R xml2 error: Start tag expected, '<' not found [4]

173 views Asked by At

I am trying to import an XML file from a URL:

library(xml2)

x <- read_xml('https://ftp.ncbi.nlm.nih.gov/pub/GTR/data/gtr_ftp.xml.gz')
Error in read_xml.raw(raw, encoding = encoding, base_url = base_url, as_html = as_html,  : 
  Start tag expected, '<' not found [4]

According to the documentation I should be able to pass a URL for a .gz file and it will be uncompressed. If I download the file, unzip it locally, and then use read_xml it works fine. This is a pretty large file (~ 2 GB unzipped) and so I am not sure if that is a problem over a connection.
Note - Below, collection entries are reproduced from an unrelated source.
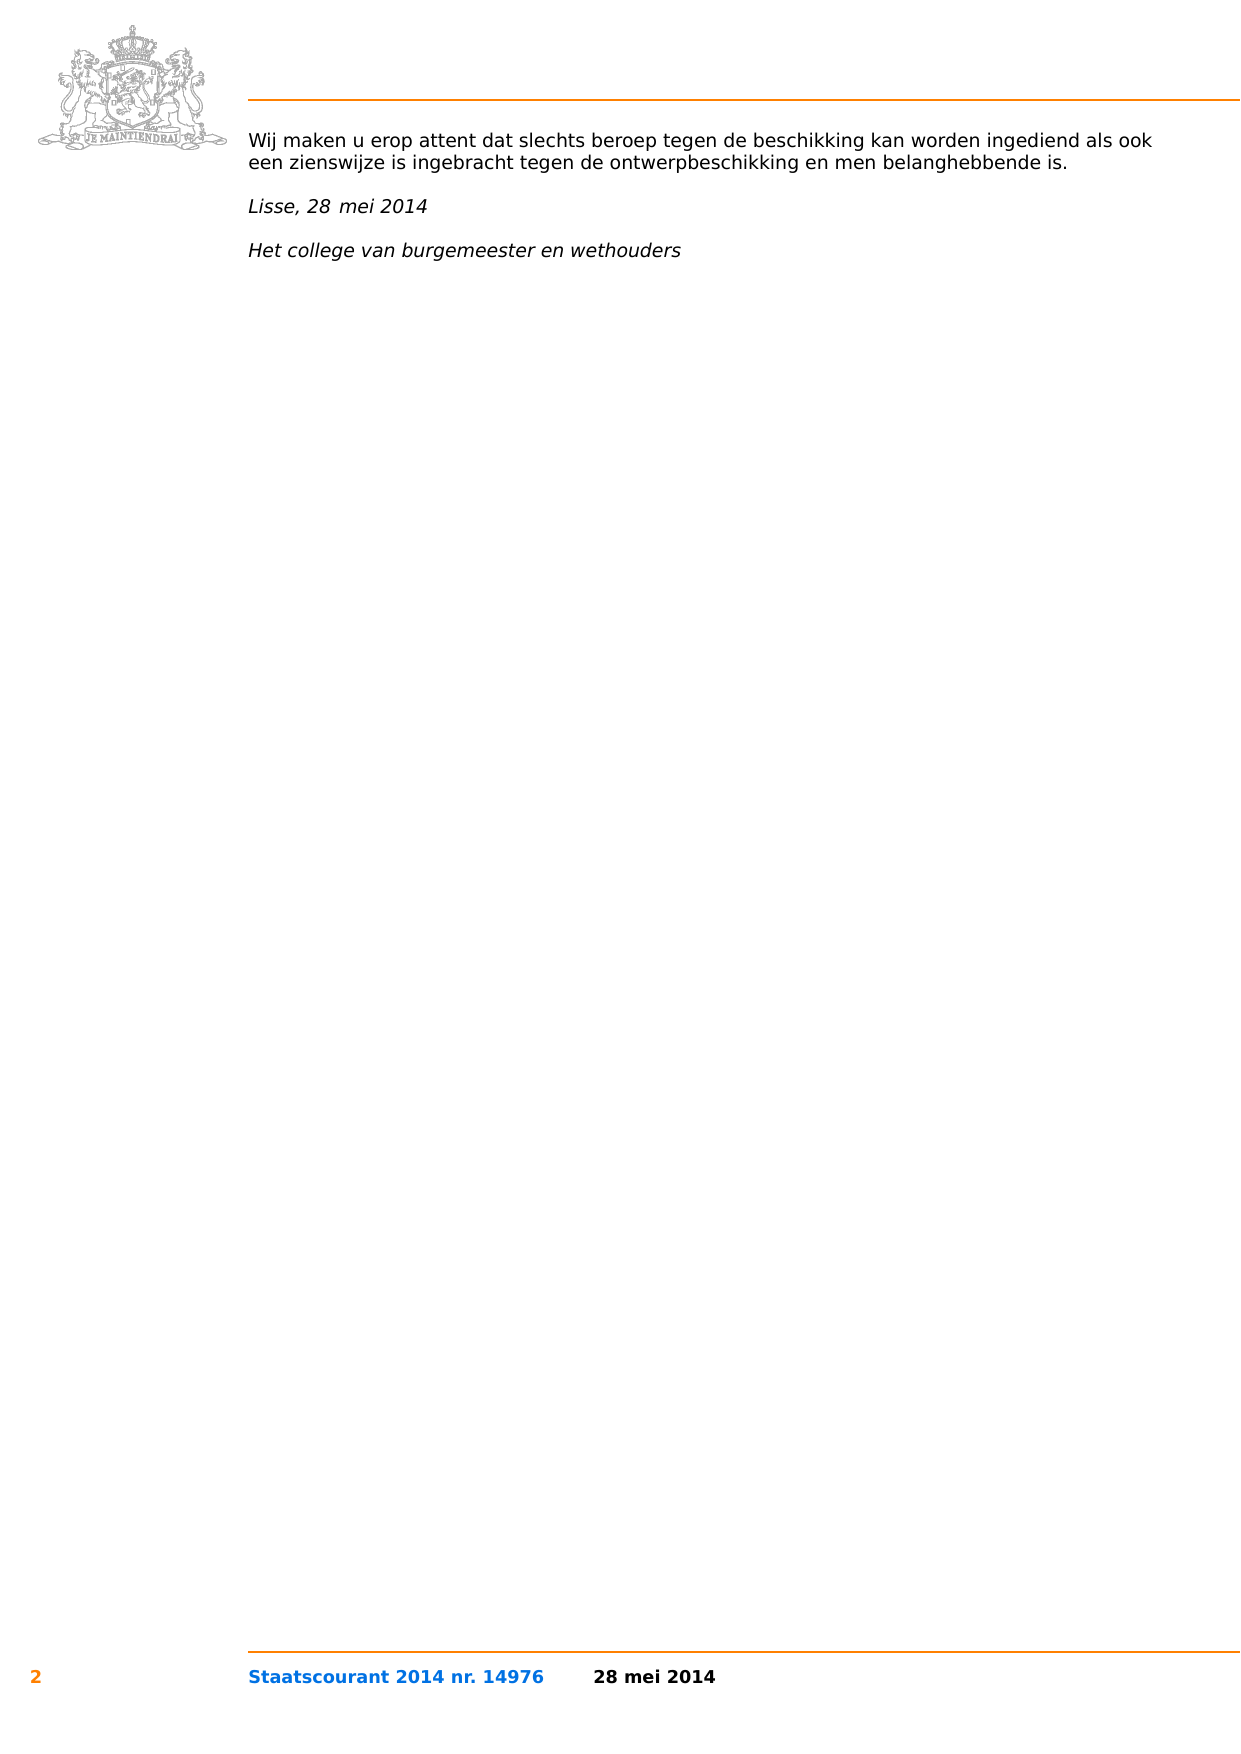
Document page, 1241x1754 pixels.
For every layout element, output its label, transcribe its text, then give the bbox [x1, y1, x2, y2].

picture [38, 25, 227, 150]
text Het college van burgemeester en wethouders [248, 239, 1163, 262]
text Wij maken u erop attent dat slechts beroep tegen de beschikking kan worden ingediend als ook een zienswijze is ingebracht tegen de ontwerpbeschikking en men belanghebbende is. [248, 130, 1163, 174]
text Lisse, 28 mei 2014 [248, 196, 1163, 218]
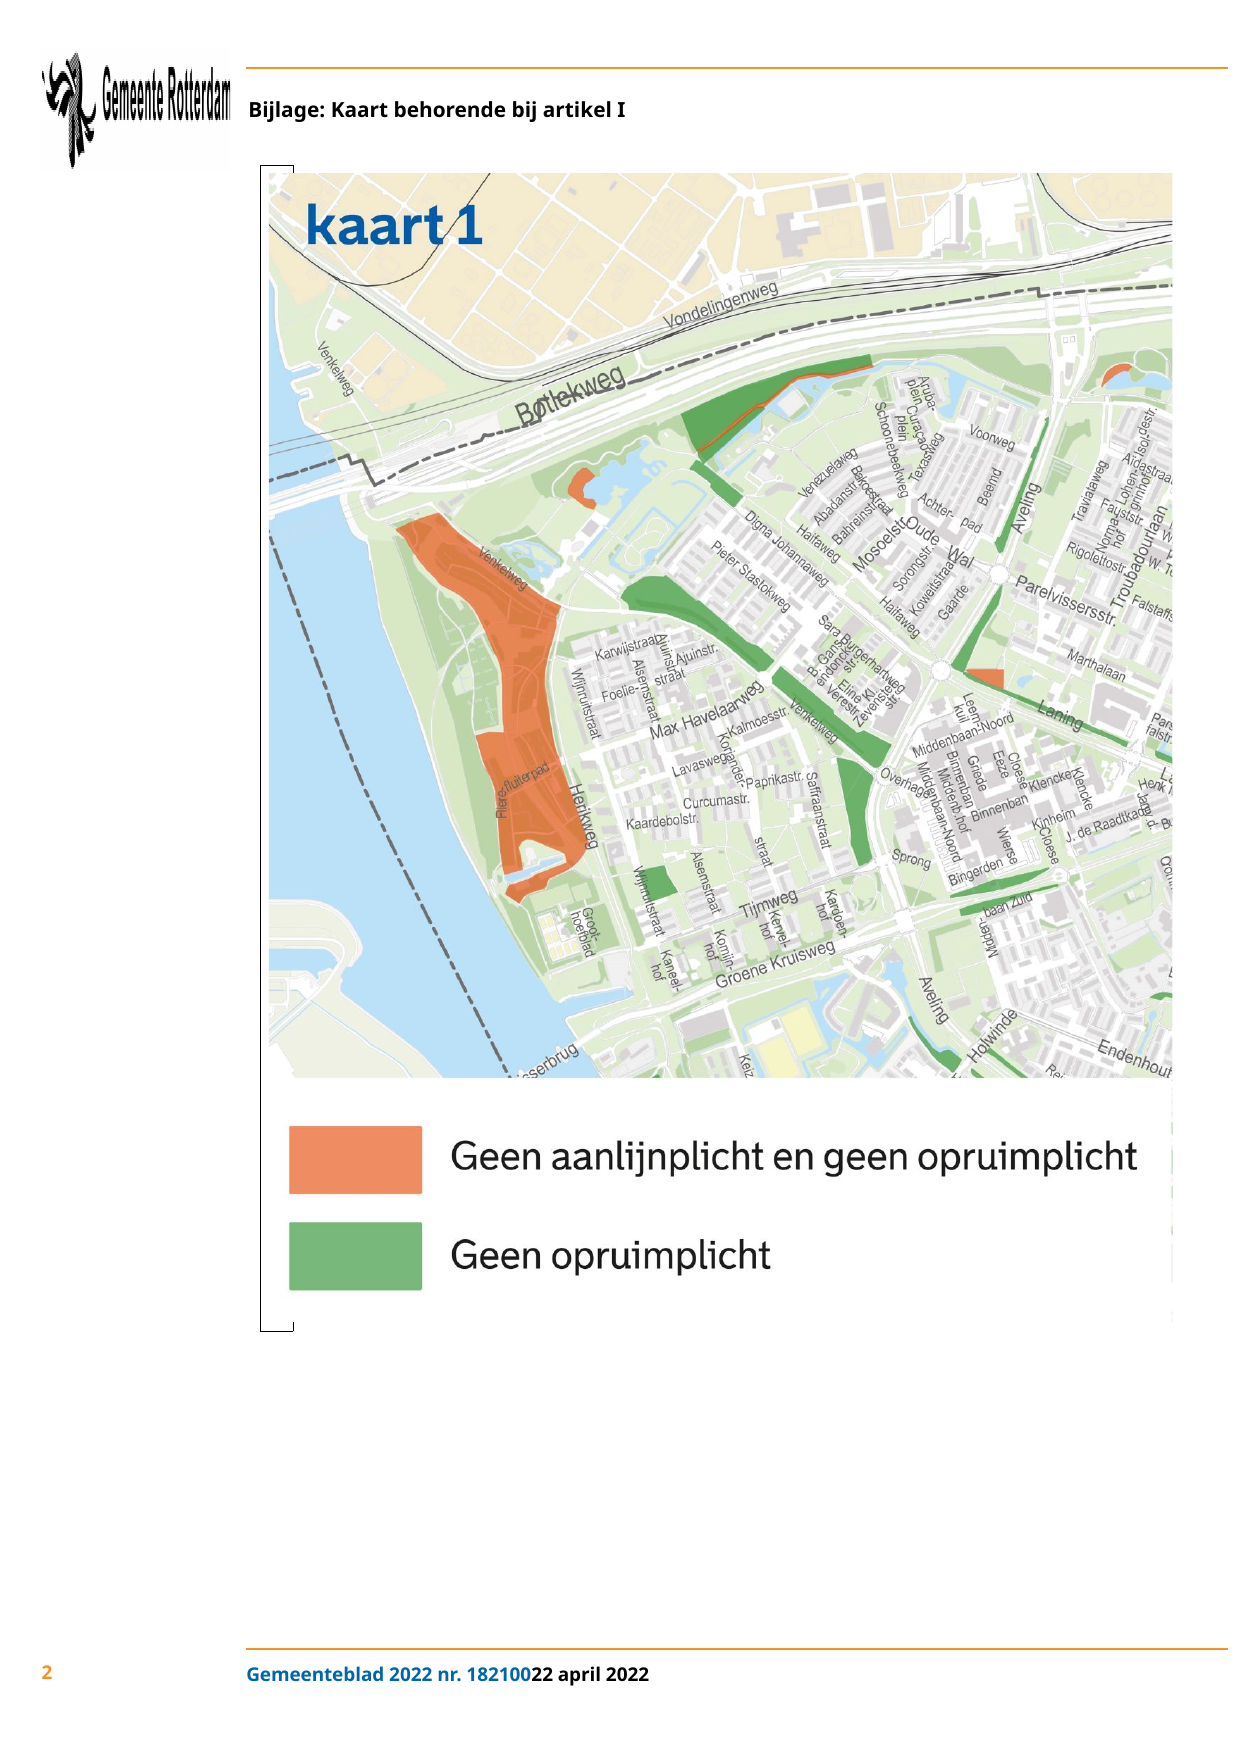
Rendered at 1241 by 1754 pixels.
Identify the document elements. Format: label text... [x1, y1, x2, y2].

text Bijlage: Kaart behorende bij artikel I [248, 95, 1152, 123]
picture [268, 173, 1173, 1322]
picture [41, 47, 231, 172]
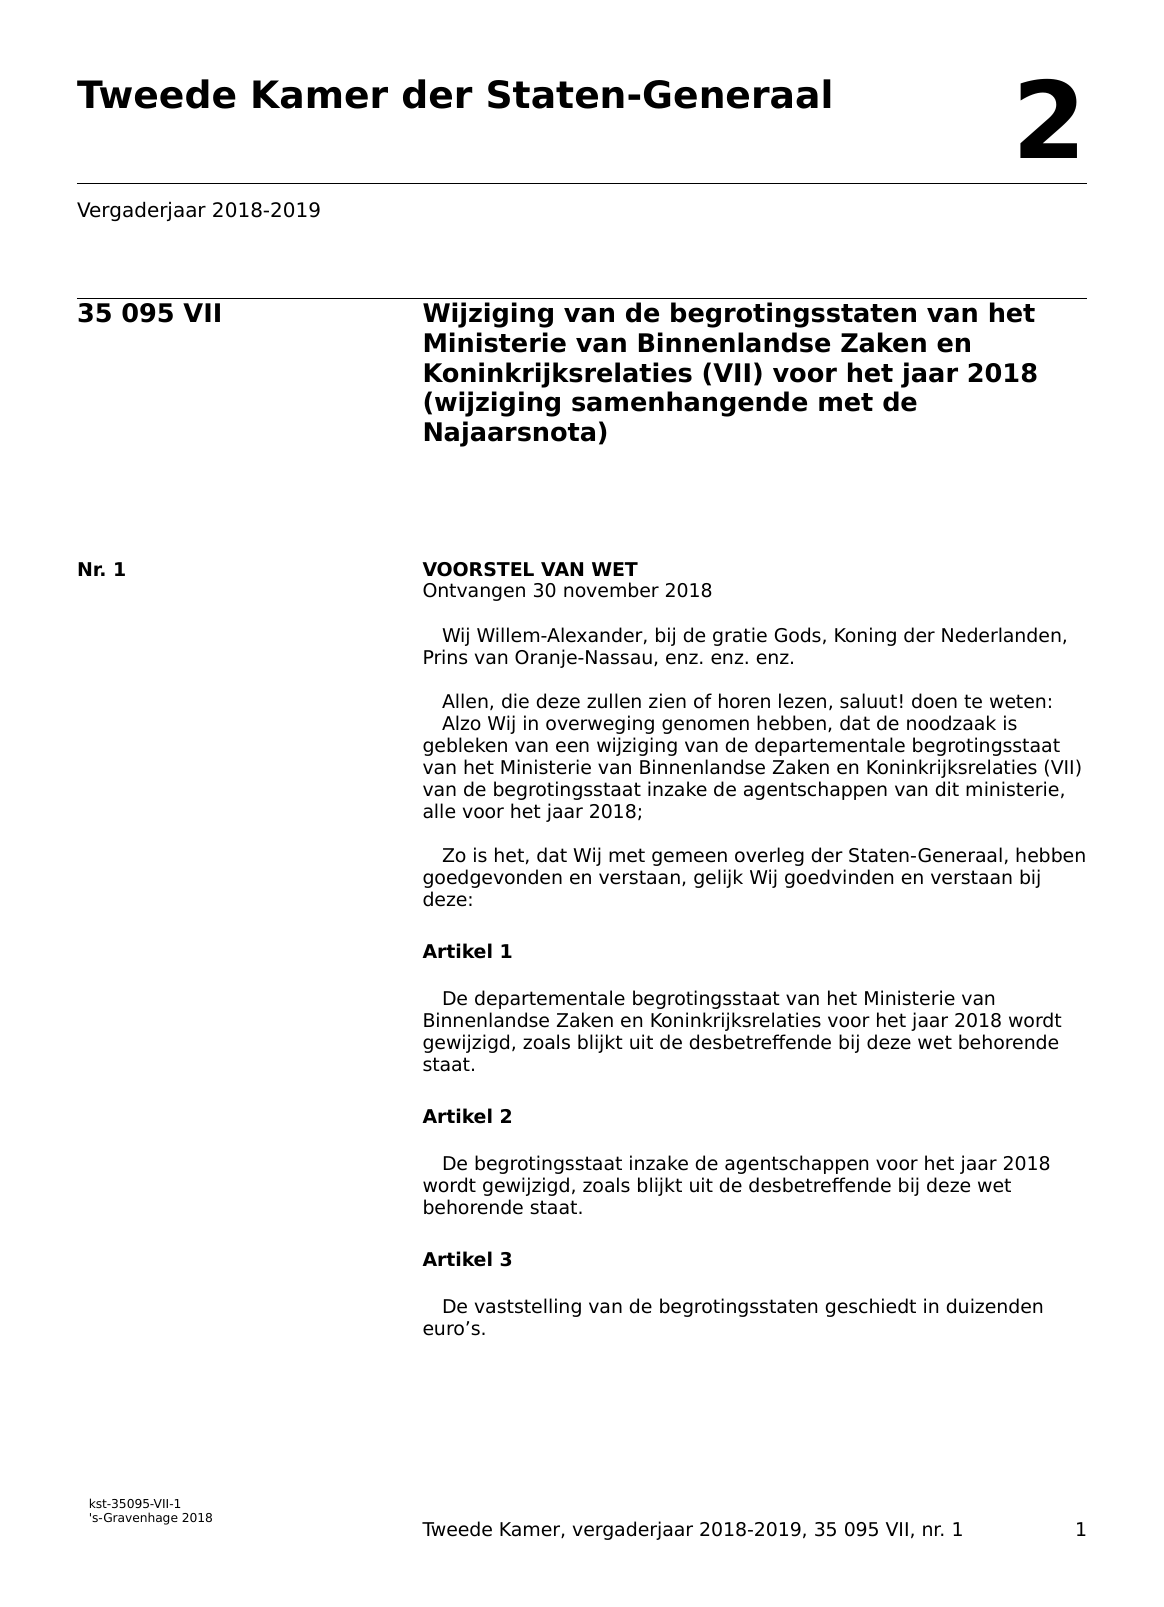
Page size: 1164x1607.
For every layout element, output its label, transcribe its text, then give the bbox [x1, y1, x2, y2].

Any thoughts on how I can read this directly from a connection?

2

There are 2 answers

0
MrFlick On BEST ANSWER

The catch is that the documentation says "Local paths ending in .gz, .bz2, .xz, .zip will be automatically uncompressed" (emphasis added). The logic seems to be in the xml2:::path_to_connection function. URLs are not automatically uncompressed, only local files on disc.

The read_xml function will use the curl package to work with URLs if installed. If you have that package, you can wrap the download call with gzcon to do the decoding. Assuming you have enough RAM, you could try

x <- read_xml(gzcon(curl::curl(url)))
0
kjhughes On

According to the xml2 documentation, read_xml()'s argument can be

A string can be either a path, a url or literal xml. Urls will be converted into connections either using base::url or, if installed, curl::curl. Local paths ending in .gz, .bz2, .xz, .zip will be automatically uncompressed. [emphasis added]

The argument in your failing case is a remote compressed file.